设计、设置和参与者:这项队列研究使用了美国医疗保健研究与质量局质量与安全审查系统的数据,该系统是一个监测系统,跟踪美国选定医院住院患者 AE 的频率。研究样本包括 2020 年 9 月 1 日至 2022 年 6 月 30 日期间美国接受 Medicare 治疗的急性护理医院的随机选择患者入院。
主要结果是 AE 频率与医院特定每周新冠负担之间的关联。每 1000 例入院的 AE 发生率和风险调整率按每周医院特定新冠负担(每周每 100 张病床的新冠住院患者每日平均数)分层,表现为低于 25 百分位数(最低负担)、25 至 75 百分位数(中等负担)和高于 75 百分位数(最高负担)。风险调整变量包括患者和医院特征。

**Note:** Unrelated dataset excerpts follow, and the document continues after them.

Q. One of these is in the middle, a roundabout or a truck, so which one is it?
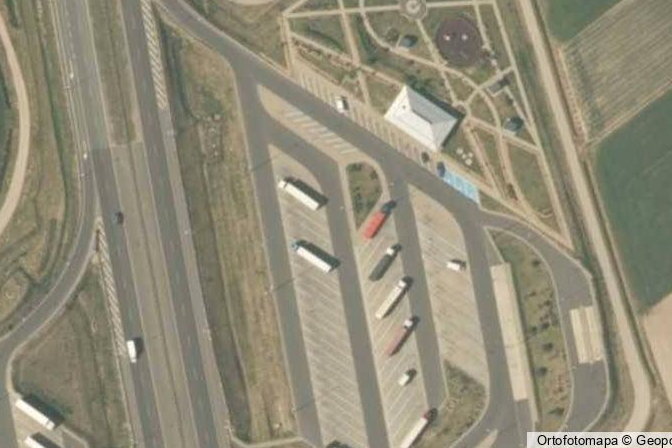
truck
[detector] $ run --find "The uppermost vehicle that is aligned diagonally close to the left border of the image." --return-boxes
[14,399,55,430]
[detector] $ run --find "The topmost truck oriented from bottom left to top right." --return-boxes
[365,200,396,239]
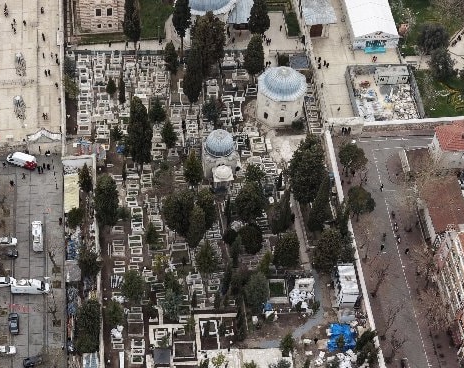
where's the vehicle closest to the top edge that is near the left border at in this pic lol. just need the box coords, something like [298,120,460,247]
[7,150,38,167]
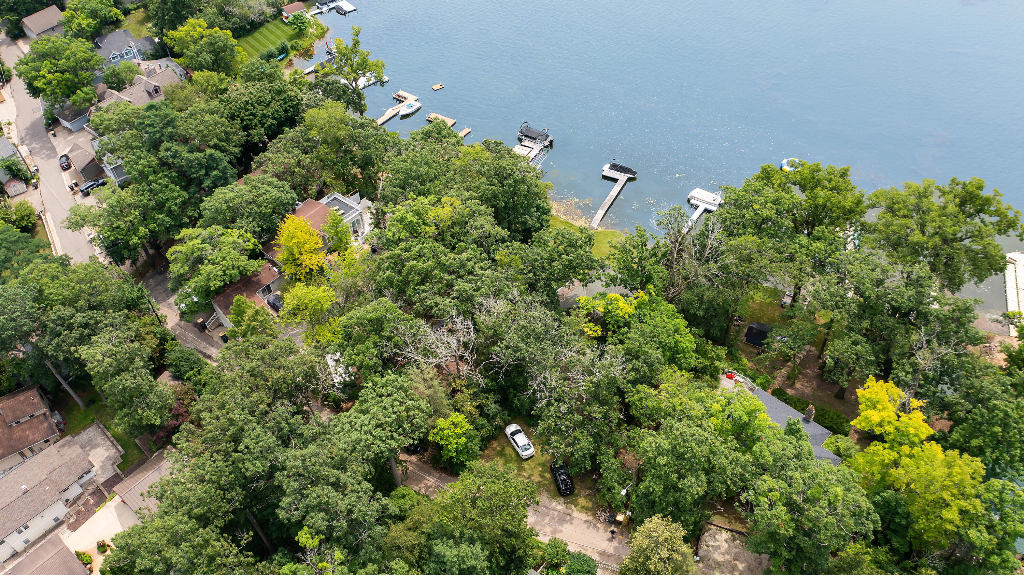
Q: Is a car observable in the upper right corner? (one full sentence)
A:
No, I see no car in the upper right corner.
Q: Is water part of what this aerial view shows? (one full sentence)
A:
Yes, the picture does contain water.
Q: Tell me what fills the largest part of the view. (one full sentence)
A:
The bulk of the photo consists of trees.
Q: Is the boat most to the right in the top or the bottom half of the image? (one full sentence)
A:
Seen from above, the boat most to the right lies in the top half of the view.
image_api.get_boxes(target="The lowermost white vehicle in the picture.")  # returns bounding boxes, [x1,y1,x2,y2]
[505,423,536,463]
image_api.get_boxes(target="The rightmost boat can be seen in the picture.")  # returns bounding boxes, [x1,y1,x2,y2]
[688,186,723,206]
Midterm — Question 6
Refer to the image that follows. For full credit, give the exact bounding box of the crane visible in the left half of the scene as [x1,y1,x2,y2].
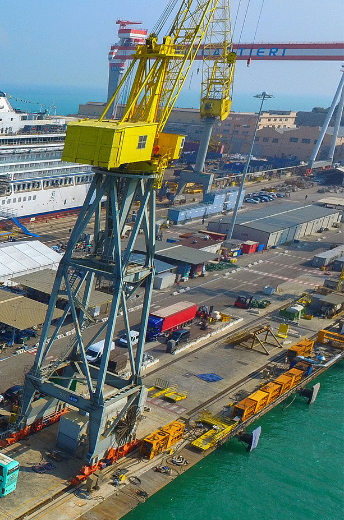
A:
[0,0,259,483]
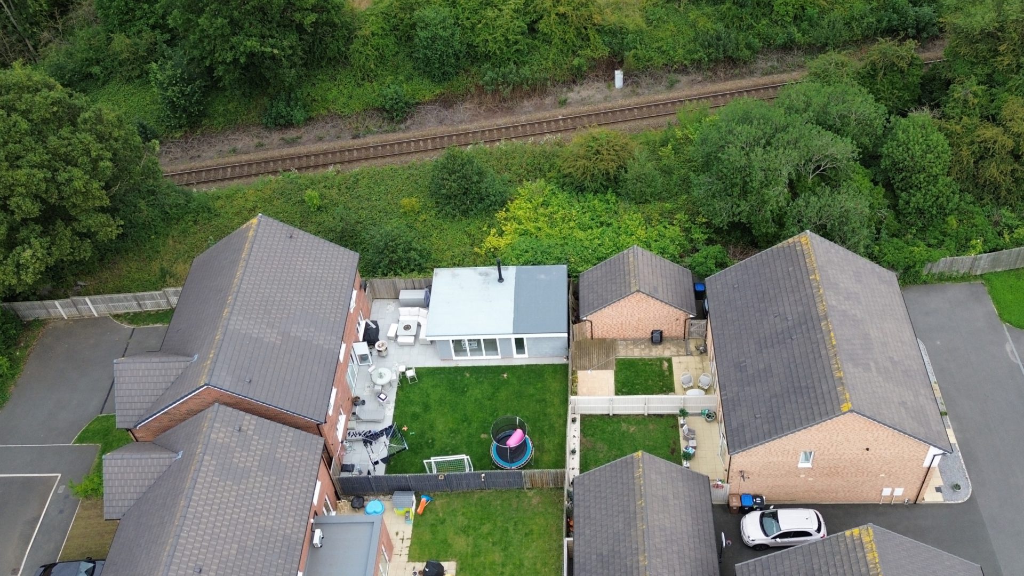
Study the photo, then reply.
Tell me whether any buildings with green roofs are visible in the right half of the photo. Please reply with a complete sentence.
No, I can find no building with a green roof in the right half of the photo.
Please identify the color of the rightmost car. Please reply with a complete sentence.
From above, the rightmost car appears white.
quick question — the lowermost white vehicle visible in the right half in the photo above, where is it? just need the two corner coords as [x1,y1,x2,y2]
[740,506,828,552]
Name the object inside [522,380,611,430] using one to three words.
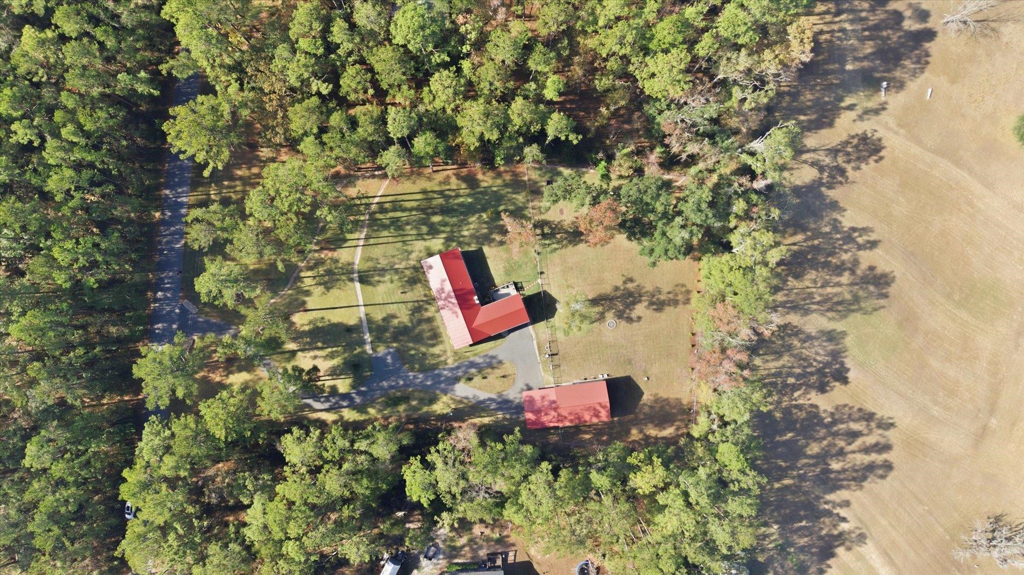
barn
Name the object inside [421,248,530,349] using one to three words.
house
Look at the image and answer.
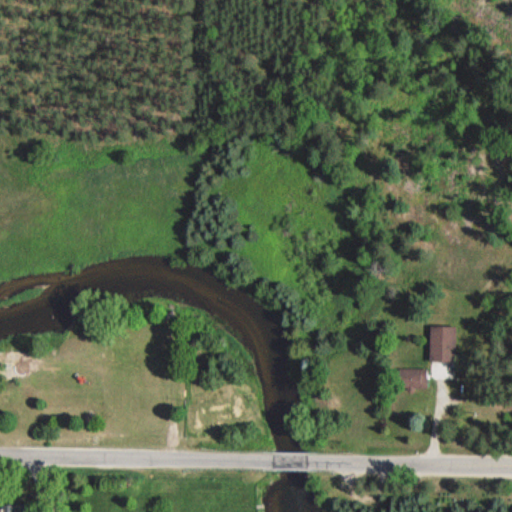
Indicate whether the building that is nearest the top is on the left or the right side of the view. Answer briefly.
right
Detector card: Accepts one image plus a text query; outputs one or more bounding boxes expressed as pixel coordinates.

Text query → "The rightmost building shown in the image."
[430,325,457,362]
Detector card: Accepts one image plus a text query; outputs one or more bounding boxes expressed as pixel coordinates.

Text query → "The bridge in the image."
[272,451,312,472]
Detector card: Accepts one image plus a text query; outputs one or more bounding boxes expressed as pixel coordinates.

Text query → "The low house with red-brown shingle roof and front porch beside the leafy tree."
[402,368,426,394]
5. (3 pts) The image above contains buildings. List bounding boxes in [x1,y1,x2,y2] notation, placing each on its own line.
[402,368,426,394]
[430,325,457,362]
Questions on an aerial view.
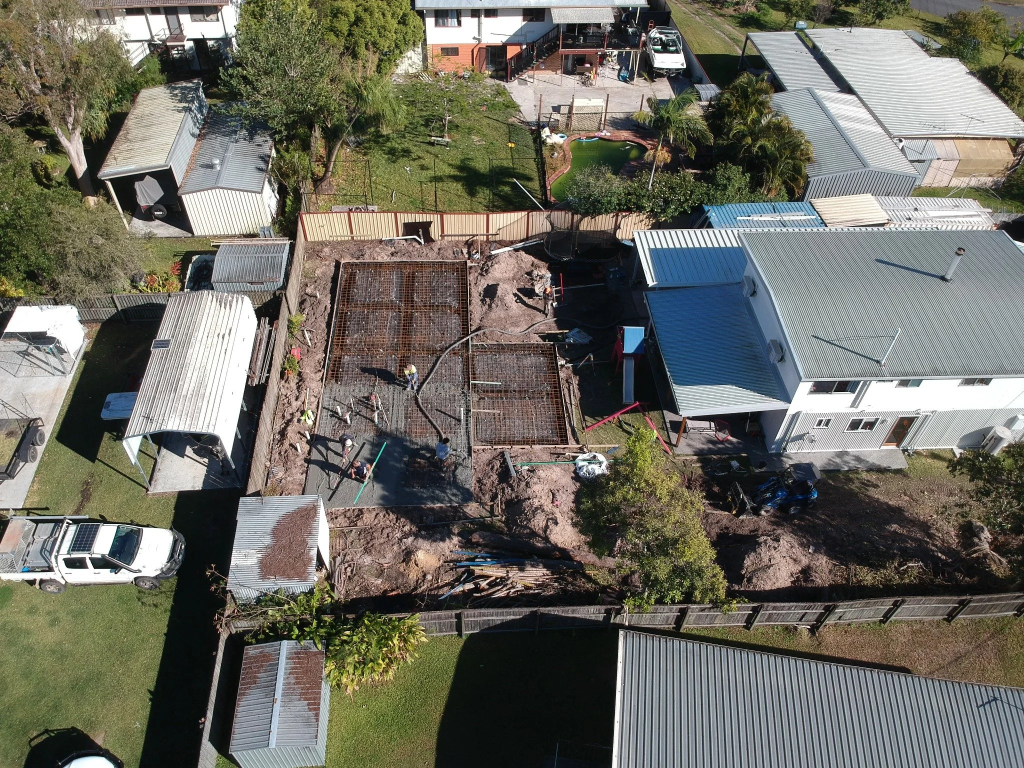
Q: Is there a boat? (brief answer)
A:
Yes
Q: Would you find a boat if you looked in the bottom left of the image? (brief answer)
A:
No
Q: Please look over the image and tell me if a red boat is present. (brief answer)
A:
No
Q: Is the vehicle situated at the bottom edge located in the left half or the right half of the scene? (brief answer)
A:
left
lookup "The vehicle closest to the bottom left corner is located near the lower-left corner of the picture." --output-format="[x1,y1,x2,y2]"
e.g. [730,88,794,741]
[57,732,128,768]
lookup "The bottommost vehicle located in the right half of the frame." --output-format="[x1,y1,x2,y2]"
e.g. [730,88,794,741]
[719,459,836,516]
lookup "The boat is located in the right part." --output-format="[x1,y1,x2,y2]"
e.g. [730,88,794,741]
[650,22,683,75]
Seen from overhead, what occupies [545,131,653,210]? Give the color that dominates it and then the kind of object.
green swimming pool
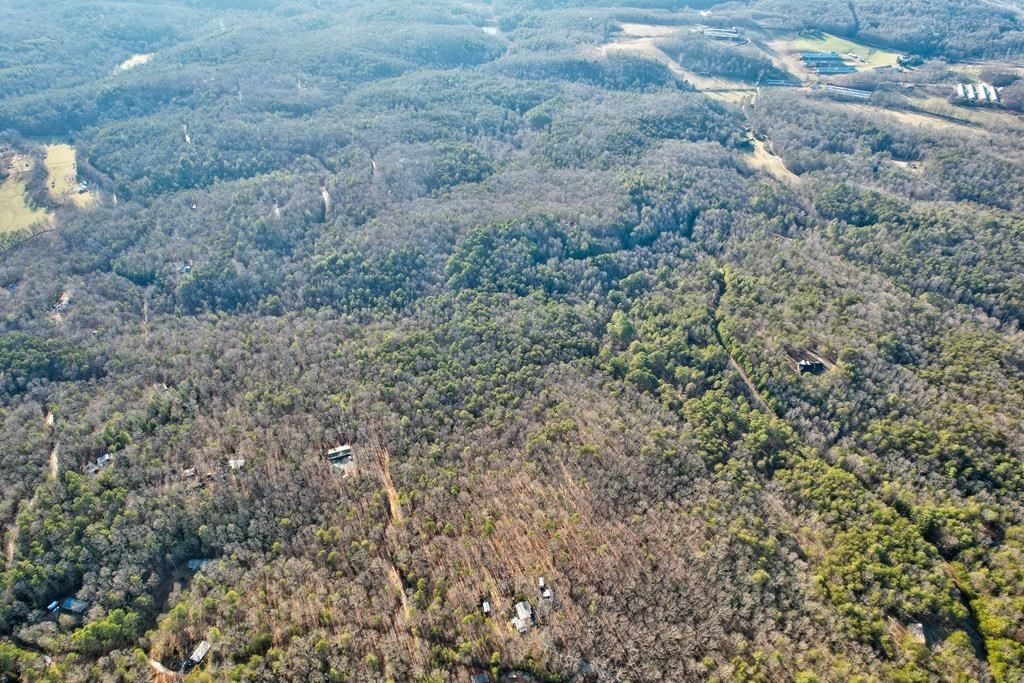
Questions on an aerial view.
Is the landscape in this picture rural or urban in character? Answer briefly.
rural
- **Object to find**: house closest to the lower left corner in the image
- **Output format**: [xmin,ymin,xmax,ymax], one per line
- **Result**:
[56,594,88,615]
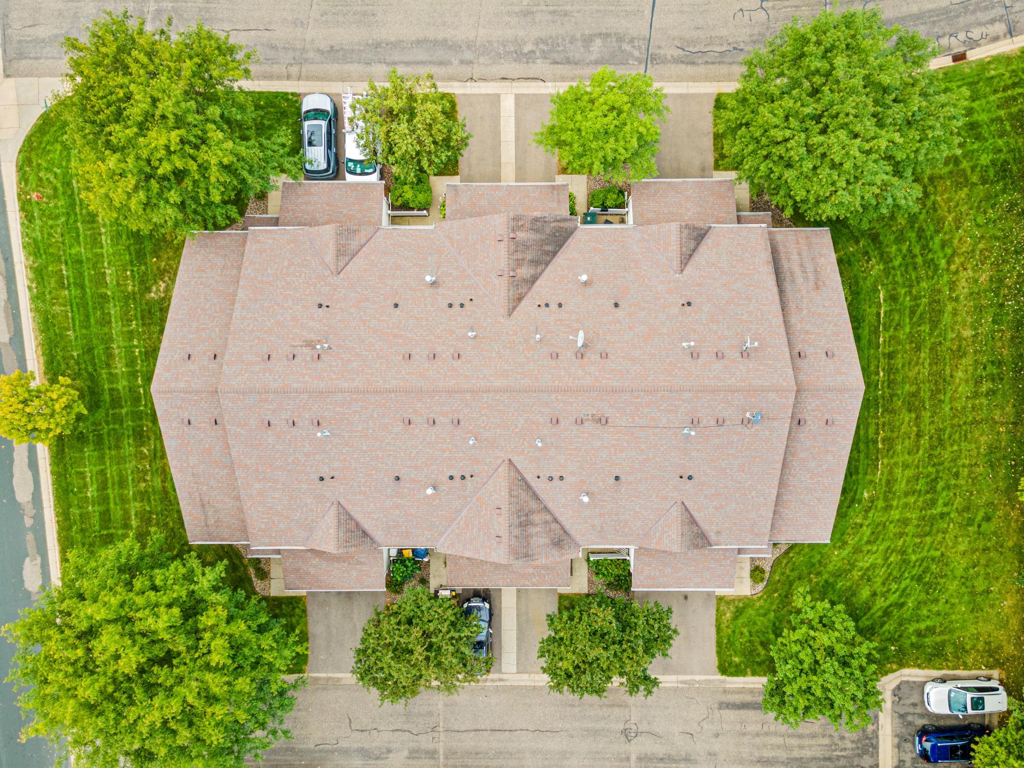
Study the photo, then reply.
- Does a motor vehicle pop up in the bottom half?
Yes
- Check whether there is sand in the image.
No
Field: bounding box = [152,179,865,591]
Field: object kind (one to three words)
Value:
house
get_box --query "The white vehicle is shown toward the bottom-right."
[920,673,1011,719]
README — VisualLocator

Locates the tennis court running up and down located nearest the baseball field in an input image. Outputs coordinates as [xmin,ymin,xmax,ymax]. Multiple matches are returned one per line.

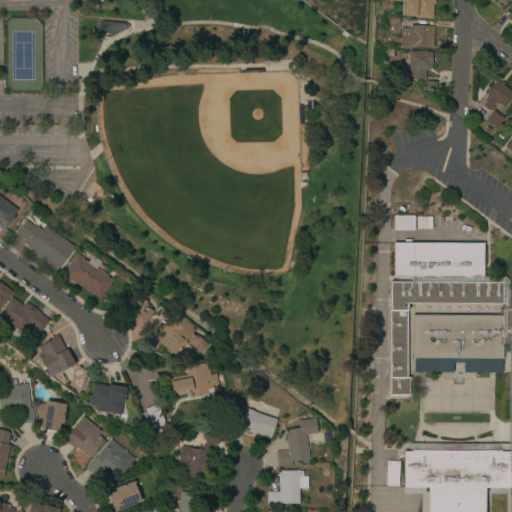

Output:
[8,19,43,90]
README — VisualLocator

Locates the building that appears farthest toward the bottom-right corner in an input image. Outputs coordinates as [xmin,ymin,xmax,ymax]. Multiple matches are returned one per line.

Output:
[406,450,512,512]
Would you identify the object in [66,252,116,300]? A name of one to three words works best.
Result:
house
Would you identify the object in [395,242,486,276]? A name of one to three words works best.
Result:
building
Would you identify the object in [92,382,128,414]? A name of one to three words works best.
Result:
house
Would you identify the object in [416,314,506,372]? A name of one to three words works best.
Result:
building
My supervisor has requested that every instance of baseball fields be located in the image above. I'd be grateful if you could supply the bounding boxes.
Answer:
[98,72,302,274]
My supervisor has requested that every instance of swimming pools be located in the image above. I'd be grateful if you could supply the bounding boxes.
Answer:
[36,386,54,401]
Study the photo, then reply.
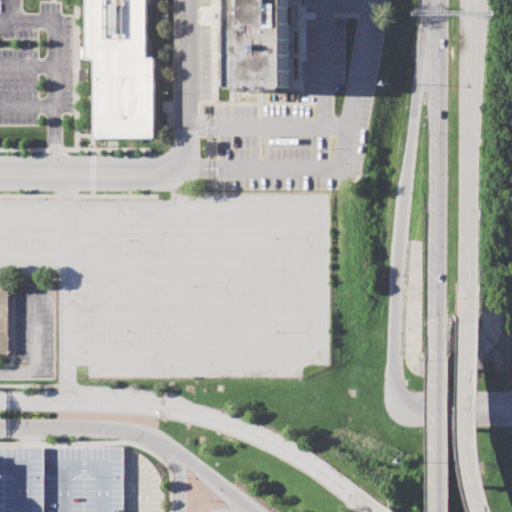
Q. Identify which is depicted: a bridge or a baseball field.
bridge
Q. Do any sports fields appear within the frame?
No
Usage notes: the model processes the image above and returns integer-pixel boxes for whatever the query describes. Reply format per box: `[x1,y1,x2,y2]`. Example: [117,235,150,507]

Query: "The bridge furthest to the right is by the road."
[454,320,491,512]
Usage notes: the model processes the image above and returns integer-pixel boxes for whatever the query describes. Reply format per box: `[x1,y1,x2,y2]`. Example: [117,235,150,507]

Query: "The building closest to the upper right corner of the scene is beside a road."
[222,0,315,91]
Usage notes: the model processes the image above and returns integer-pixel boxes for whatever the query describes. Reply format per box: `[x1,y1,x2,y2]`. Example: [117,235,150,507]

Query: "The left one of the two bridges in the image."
[426,359,448,512]
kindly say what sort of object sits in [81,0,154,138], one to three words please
building
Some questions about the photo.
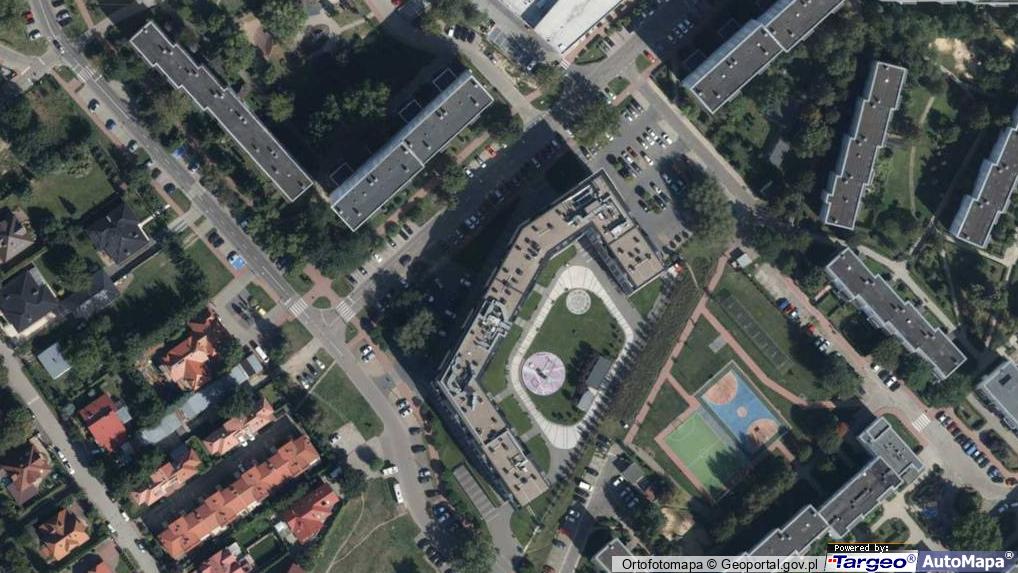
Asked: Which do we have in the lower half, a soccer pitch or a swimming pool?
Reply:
soccer pitch
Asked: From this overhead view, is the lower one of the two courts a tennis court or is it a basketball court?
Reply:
basketball court
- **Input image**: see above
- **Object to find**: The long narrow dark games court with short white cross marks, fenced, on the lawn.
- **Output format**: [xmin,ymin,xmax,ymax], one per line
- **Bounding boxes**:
[720,294,793,370]
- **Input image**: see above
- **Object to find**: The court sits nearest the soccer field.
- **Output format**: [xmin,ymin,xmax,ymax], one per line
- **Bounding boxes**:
[695,361,786,463]
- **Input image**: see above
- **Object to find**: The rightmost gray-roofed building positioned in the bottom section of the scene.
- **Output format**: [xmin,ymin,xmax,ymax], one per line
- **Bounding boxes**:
[970,359,1018,436]
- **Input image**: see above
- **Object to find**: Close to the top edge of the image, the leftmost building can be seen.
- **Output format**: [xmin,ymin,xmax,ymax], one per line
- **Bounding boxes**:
[129,22,312,200]
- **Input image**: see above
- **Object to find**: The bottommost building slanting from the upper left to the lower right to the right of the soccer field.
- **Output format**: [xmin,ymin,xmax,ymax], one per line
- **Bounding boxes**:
[846,415,925,483]
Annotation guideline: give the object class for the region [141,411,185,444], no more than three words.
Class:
shed
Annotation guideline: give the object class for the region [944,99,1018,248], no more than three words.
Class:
building
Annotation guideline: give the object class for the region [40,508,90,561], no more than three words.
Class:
house
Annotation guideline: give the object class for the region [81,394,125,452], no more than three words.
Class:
house
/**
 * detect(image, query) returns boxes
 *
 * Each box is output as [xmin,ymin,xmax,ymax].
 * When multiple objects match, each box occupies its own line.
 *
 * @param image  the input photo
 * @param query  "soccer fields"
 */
[654,402,748,502]

这项研究纳入了 40737 例 Medicare 医院入院(4114 例患者[10.1%]患有新冠,36623 例[89.9%]没有);患者平均(SD)年龄为 73.8(12.1)岁,53.8%为女性,Elixhauser 合并症中位数为 4(IQR,2-5)。在新冠负担最低的几周内,每 1000 例入院中有 59.1(95%CI,54.5-64.0)例 AE;在新冠负担中等的几周内,每 1000 例入院中有 77.0(95%CI,73.3-80.9)例 AE;在新冠负担最高的几周内,每 1000 例入院中有 97.4(95%CI,91.6-103.7)例 AE。在没有新冠的患者中,在新冠负担最低的几周内,每 1000 例入院中有 55.7(95%CI,51.1-60.8)例 AE;在新冠负担中等的几周内,每 1000 例入院中有 74.0(95%CI,70.2-78.1)例 AE;在新冠负担最高的几周内,每 1000 例入院中有 79.3(95%CI,73.7-85.3)例 AE。在患有新冠的患者中也观察到类似的模式。在风险调整后,所有患者中,与新冠负担较低的周相比,新冠负担较高的周内患者发生 AE 的相对风险(RR)为 1.23(95%CI,1.09-1.39;P < .001),在患有和不患有新冠的队列中均有类似结果(RR,1.33;95%CI,1.03-1.71;P = .03)和(RR,1.23;95%CI,1.08-1.39;P = .002)。
在这项针对新冠大流行期间 Medicare 患者住院的队列研究中,医院新冠负担增加与患有和不患有新冠的患者院内 AE 风险增加相关。这些结果表明,在需求激增期间,需要提高医院的弹性和应急能力,以防止患者安全状况下降。